India hints it could use nuclear weapons FIRST in war with Pakistan as tensions flare over Kashmir and hundreds clash with police in disputed region
- India committed in 1999 to not being the first to use nuclear weapons in conflict
- Defence Minister Singh said Delhi might change its policy amid Pakistan tension
- Modi’s Hindu nationalist BJP stripped Indian-administered Kashmir of autonomy
- The only Muslim-majority region of the country is in its 12th day of blackouts
India’s defence minister hinted New Delhi might change its ‘no first use’ policy on nuclear weapons, amid heightened tensions with fellow atomic power Pakistan.
India committed in 1999 to not being the first to use nuclear weapons in any conflict.
Among India’s neighbours China has a similar doctrine but arch rival Pakistan does not.
Defence Minister Rajnath Singh made the comment on Twitter after visiting Pokhran, the site of India’s successful nuclear tests in 1998 under then prime minister Atal Vajpayee.
India committed in 1999 to not being the first to use nuclear weapons in any conflict. Among India’s neighbours China has a similar doctrine but arch rival Pakistan does not. Pictured: Prime Minister Narendra Modi delivers a speech to the nation during a ceremony to celebrate country’s 73rd Independence Day earlier this week
Kashmiri Muslims shout slogans during a protest in Srinagar, India. Observers said Singh’s statement is the clearest so far with regards to a change in India’s nuclear doctrine
‘Pokhran is the area which witnessed (Vajpayee’s) firm resolve to make India a nuclear power and yet remain firmly committed to the doctrine of ‘No First Use’,’ Singh wrote.
‘India has strictly adhered to this doctrine. What happens in future depends on the circumstances,’ Singh tweeted.
The statement comes as tensions rise with Pakistan after Prime Minister Narendra Modi’s government stripped Indian-administered Kashmir of its autonomy, a move sharply condemned by Islamabad.
Singh’s comments prompted considerable noise in both India and Pakistan, with Pakistan’s minister for human rights Shireen Mazari tweeting that India ‘need to stop lying’.
Defence Minister Rajnath Singh (pictured) made the comment on Twitter after visiting Pokhran, the site of India’s successful nuclear tests in 1998 under then prime minister Atal Vajpayee
Protesters burn an effigy of Indian Prime Minister Narendra Modi during a protest in Lahore
‘India’s claims to NFU ended when on 4 Jan 2003 Indian govt declared it would use nuclear weapons against any (even Chemical or Biological) attack ‘against India or Indian forces anywhere’,’ she said.
Observers said Singh’s statement is the clearest so far with regards to a change in India’s nuclear doctrine.

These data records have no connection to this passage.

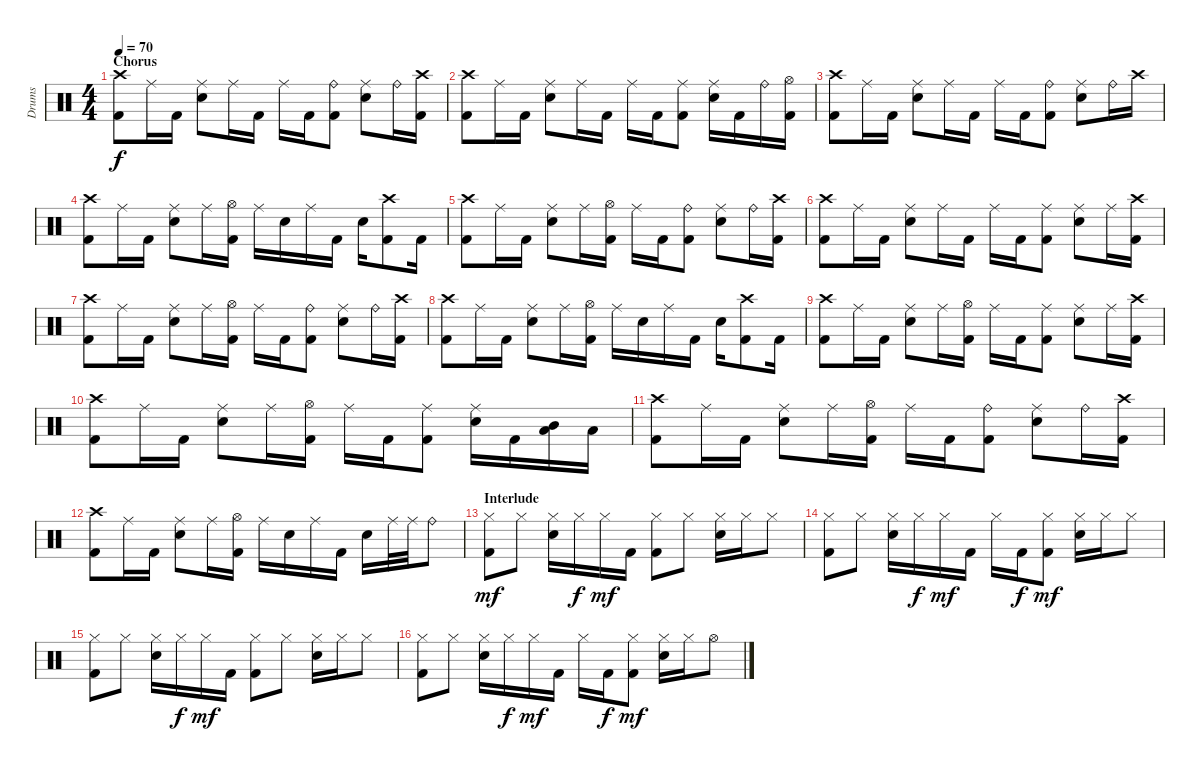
\track ("Drums" "Drums") {instrument percussion}
\staff {score}
\articulation defaults
\ts (4 4)
\section ("" "Chorus ")
\tempo 70
\clef neutral
\ks c
("Crash high (hit)" "Kick (hit) 2").8{dy f} "Ride (middle)".16 "Kick (hit) 2".16 ("Ride (middle)" "Electric Snare (hit)").8 "Ride (middle)".16 "Kick (hit) 2".16 "Ride (middle)".16 "Kick (hit) 2".16 ("Ride (bell)" "Kick (hit) 2").8 ("Ride (middle)" "Electric Snare (hit)").8 "Ride (bell)".16 ("Crash high (hit)" "Kick (hit) 2").16 |
("Crash high (hit)" "Kick (hit) 2").8 "Ride (middle)".16 "Kick (hit) 2".16 ("Ride (middle)" "Electric Snare (hit)").8 "Ride (middle)".16 "Kick (hit) 2".16 "Ride (middle)".16 "Kick (hit) 2".16 ("Ride (middle)" "Kick (hit) 2").8 ("Ride (middle)" "Electric Snare (hit)").16 "Kick (hit) 2".16 "Ride (bell)".16 ("Hi-Hat (open)" "Kick (hit) 2").16 |
("Crash high (hit)" "Kick (hit) 2").8 "Ride (middle)".16 "Kick (hit) 2".16 ("Ride (middle)" "Electric Snare (hit)").8 "Ride (middle)".16 "Kick (hit) 2".16 "Ride (middle)".16 "Kick (hit) 2".16 ("Ride (bell)" "Kick (hit) 2").8 ("Ride (middle)" "Electric Snare (hit)").8 "Ride (bell)".16 "Crash high (hit)".16 |
("Crash high (hit)" "Kick (hit) 2").8 "Ride (middle)".16 "Kick (hit) 2".16 ("Ride (middle)" "Electric Snare (hit)").8 "Ride (middle)".16 ("Hi-Hat (open)" "Kick (hit) 2").16 "Ride (middle)".16 "Electric Snare (hit)".16 "Ride (middle)".16 "Kick (hit) 2".16 "Electric Snare (hit)".16 ("Crash high (hit)" "Kick (hit) 2").8 "Kick (hit) 2".16 |
("Crash high (hit)" "Kick (hit) 2").8 "Ride (middle)".16 "Kick (hit) 2".16 ("Ride (middle)" "Electric Snare (hit)").8 "Ride (middle)".16 ("Hi-Hat (open)" "Kick (hit) 2").16 "Ride (middle)".16 "Kick (hit) 2".16 ("Ride (bell)" "Kick (hit) 2").8 ("Ride (middle)" "Electric Snare (hit)").8 "Ride (bell)".16 ("Crash high (hit)" "Kick (hit) 2").16 |
("Crash high (hit)" "Kick (hit) 2").8 "Ride (middle)".16 "Kick (hit) 2".16 ("Ride (middle)" "Electric Snare (hit)").8 "Ride (middle)".16 "Kick (hit) 2".16 "Ride (middle)".16 "Kick (hit) 2".16 ("Ride (middle)" "Kick (hit) 2").8 ("Ride (middle)" "Electric Snare (hit)").8 "Ride (middle)".16 ("Crash high (hit)" "Kick (hit) 2").16 |
("Crash high (hit)" "Kick (hit) 2").8 "Ride (middle)".16 "Kick (hit) 2".16 ("Ride (middle)" "Electric Snare (hit)").8 "Ride (middle)".16 ("Hi-Hat (open)" "Kick (hit) 2").16 "Ride (middle)".16 "Kick (hit) 2".16 ("Ride (bell)" "Kick (hit) 2").8 ("Ride (middle)" "Electric Snare (hit)").8 "Ride (bell)".16 ("Crash high (hit)" "Kick (hit) 2").16 |
("Crash high (hit)" "Kick (hit) 2").8 "Ride (middle)".16 "Kick (hit) 2".16 ("Ride (middle)" "Electric Snare (hit)").8 "Ride (middle)".16 ("Hi-Hat (open)" "Kick (hit) 2").16 "Ride (middle)".16 "Electric Snare (hit)".16 "Ride (middle)".16 "Kick (hit) 2".16 "Electric Snare (hit)".16 ("Crash high (hit)" "Kick (hit) 2").8 "Kick (hit) 2".16 |
("Crash high (hit)" "Kick (hit) 2").8 "Ride (middle)".16 "Kick (hit) 2".16 ("Ride (middle)" "Electric Snare (hit)").8 "Ride (middle)".16 ("Hi-Hat (open)" "Kick (hit) 2").16 "Ride (middle)".16 "Kick (hit) 2".16 ("Ride (middle)" "Kick (hit) 2").8 ("Ride (middle)" "Electric Snare (hit)").8 "Ride (middle)".16 ("Crash high (hit)" "Kick (hit) 2").16 |
("Crash high (hit)" "Kick (hit) 2").8 "Ride (middle)".16 "Kick (hit) 2".16 ("Ride (middle)" "Electric Snare (hit)").8 "Ride (middle)".16 ("Hi-Hat (open)" "Kick (hit) 2").16 "Ride (middle)".16 "Kick (hit) 2".16 ("Ride (middle)" "Kick (hit) 2").8 ("Ride (middle)" "Electric Snare (hit)").16 "Kick (hit) 2".16 ("Low Tom (hit)" "Mid Tom (hit)").16 "Low Tom (hit)".16 |
("Crash high (hit)" "Kick (hit) 2").8 "Ride (middle)".16 "Kick (hit) 2".16 ("Ride (middle)" "Electric Snare (hit)").8 "Ride (middle)".16 ("Hi-Hat (open)" "Kick (hit) 2").16 "Ride (middle)".16 "Kick (hit) 2".16 ("Ride (bell)" "Kick (hit) 2").8 ("Ride (middle)" "Electric Snare (hit)").8 "Ride (bell)".16 ("Crash high (hit)" "Kick (hit) 2").16 |
("Crash high (hit)" "Kick (hit) 2").8 "Ride (middle)".16 "Kick (hit) 2".16 ("Ride (middle)" "Electric Snare (hit)").8 "Ride (middle)".16 ("Hi-Hat (open)" "Kick (hit) 2").16 "Ride (middle)".16 "Electric Snare (hit)".16 "Ride (middle)".16 "Kick (hit) 2".16 "Electric Snare (hit)".16 "Ride (middle)".32 "Ride (middle)".32 "Ride (bell)".8 |
\section ("" "Interlude")
("Hi-Hat (closed)" "Kick (hit) 2").8{dy mf} "Hi-Hat (closed)".8 ("Hi-Hat (closed)" "Electric Snare (hit)").16 "Hi-Hat (closed)".16{dy f} "Hi-Hat (closed)".16{dy mf} "Kick (hit) 2".16 ("Hi-Hat (closed)" "Kick (hit) 2").8 "Hi-Hat (closed)".8 ("Hi-Hat (closed)" "Electric Snare (hit)").16 "Hi-Hat (closed)".16 "Hi-Hat (closed)".8 |
("Hi-Hat (closed)" "Kick (hit) 2").8 "Hi-Hat (closed)".8 ("Hi-Hat (closed)" "Electric Snare (hit)").16 "Hi-Hat (closed)".16{dy f} "Hi-Hat (closed)".16{dy mf} "Kick (hit) 2".16 "Hi-Hat (closed)".16 "Kick (hit) 2".16{dy f} ("Hi-Hat (closed)" "Kick (hit) 2").8{dy mf} ("Hi-Hat (closed)" "Electric Snare (hit)").16 "Hi-Hat (closed)".16 "Hi-Hat (closed)".8 |
("Hi-Hat (closed)" "Kick (hit) 2").8 "Hi-Hat (closed)".8 ("Hi-Hat (closed)" "Electric Snare (hit)").16 "Hi-Hat (closed)".16{dy f} "Hi-Hat (closed)".16{dy mf} "Kick (hit) 2".16 ("Hi-Hat (closed)" "Kick (hit) 2").8 "Hi-Hat (closed)".8 ("Hi-Hat (closed)" "Electric Snare (hit)").16 "Hi-Hat (closed)".16 "Hi-Hat (closed)".8 |
("Hi-Hat (closed)" "Kick (hit) 2").8 "Hi-Hat (closed)".8 ("Hi-Hat (closed)" "Electric Snare (hit)").16 "Hi-Hat (closed)".16{dy f} "Hi-Hat (closed)".16{dy mf} "Kick (hit) 2".16 "Hi-Hat (closed)".16 "Kick (hit) 2".16{dy f} ("Hi-Hat (closed)" "Kick (hit) 2").8{dy mf} ("Hi-Hat (closed)" "Electric Snare (hit)").16 "Hi-Hat (closed)".16 "Hi-Hat (open)".8
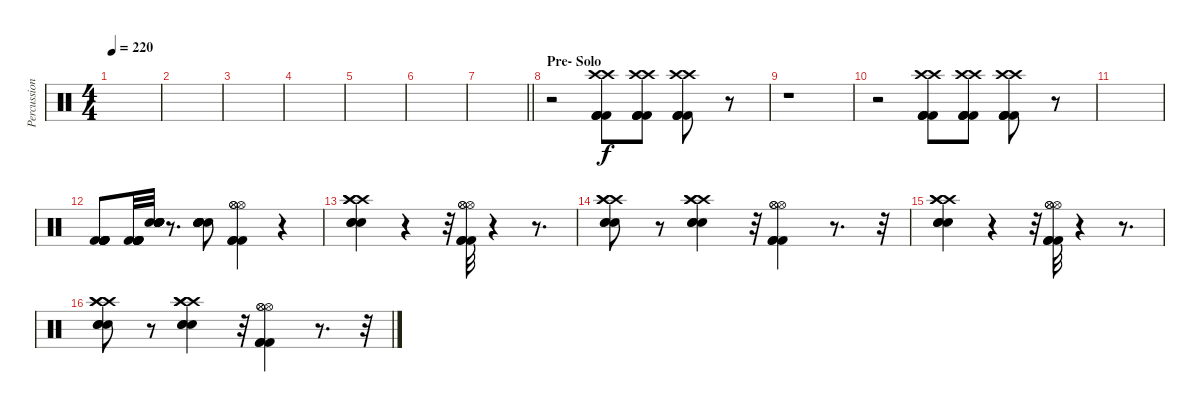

Vipin Narang, a professor at the Massachusetts Institute of Technology, tweeted it was the ‘highest level declaration that India may not feel indefinitely or absolutely bound to No First Use.’
This is not the first time that the Modi government has made a statement regarding its nuclear policy. In 2016, then defence minister Manohar Parrikar had expressed his reservations over the ‘no first use’ nuclear policy. Pictured: Kashmiris hold placards as they shout slogans at a protest after Friday prayers during restrictions after the Indian government scrapped the special constitutional status for Kashmir
Singh received support from Subramanian Swamy, a hardliner parliamentarian from Modi’s Bharatiya Janata Party (BJP).
‘Rajnath is correct as to warn about possible review of Vajpayee’s no first use of n weapons since Pak leadership is more crazed today than in 1998,’ he tweeted.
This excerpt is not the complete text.